[The content of this article has been produced by our advertising partner.]
Professor Veronique J.A. Lafont-Vinay
Associate Professor, Department of Finance, Department of Business Education
HKUST Business School
Family businesses include a wide range of businesses, from small owner-operated businesses to large publicly traded companies, and contribute significantly to the economies of Asia and the world. According to Deloitte’s Spring 2022 report, in most countries, businesses owned and controlled by families account for two-thirds of all businesses, 70-90% of global annual GDP, and 50-50% of employment. It accounts for 80%. These companies often take a long-term view and have a strong sense of responsibility to their employees, customers, and communities.
Family businesses in Asia are increasingly recognizing the importance of sustainable finance. According to a UBS study, 77% of Asian family businesses consider ESG factors important in investment decisions. This is in line with global trends where sustainable finance is becoming an increasingly important consideration for investors. This article explores the intersection of family businesses and sustainable finance in Asia, and why family businesses can benefit from first-mover advantages in sustainability.

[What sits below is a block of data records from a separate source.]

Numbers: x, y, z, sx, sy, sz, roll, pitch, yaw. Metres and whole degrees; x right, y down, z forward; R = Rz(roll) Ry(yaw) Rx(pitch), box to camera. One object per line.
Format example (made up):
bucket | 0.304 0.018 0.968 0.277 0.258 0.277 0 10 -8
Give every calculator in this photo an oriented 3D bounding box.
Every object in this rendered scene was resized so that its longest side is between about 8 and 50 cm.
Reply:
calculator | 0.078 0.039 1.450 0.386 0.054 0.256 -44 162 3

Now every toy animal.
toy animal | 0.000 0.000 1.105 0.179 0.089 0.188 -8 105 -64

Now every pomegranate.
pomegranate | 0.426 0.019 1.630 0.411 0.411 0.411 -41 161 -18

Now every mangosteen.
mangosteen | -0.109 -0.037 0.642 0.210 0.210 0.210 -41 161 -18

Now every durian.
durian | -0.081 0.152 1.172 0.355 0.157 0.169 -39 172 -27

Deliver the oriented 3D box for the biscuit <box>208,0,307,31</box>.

Part I: The rise of sustainable finance
Sustainable finance refers to financial activities that take environmental, social, and governance (ESG) factors into consideration. On the investment side, this includes investments that promote sustainable development, such as renewable energy, green infrastructure, and sustainable agriculture. It also includes integrating ESG factors into investment decision-making processes and measuring the impact of investments on ESG outcomes. On the funding side, this also includes funding decisions related to ESG factors. For example, issuing bonds where the funds raised are used only to finance pre-set environmental projects or borrowing loans whose pricing is made according to the performance of his ESG pre-set KPIs. Etc. .
The rise of sustainable and green finance is also evident in the following developments (Source: S&P Sustainability Focus 2023):
- In terms of issuance size, the sustainable debt and credit market is estimated at between USD 1 trillion and USD 3 trillion at the end of 2021, according to data compiled by Refinitiv and Bloomberg.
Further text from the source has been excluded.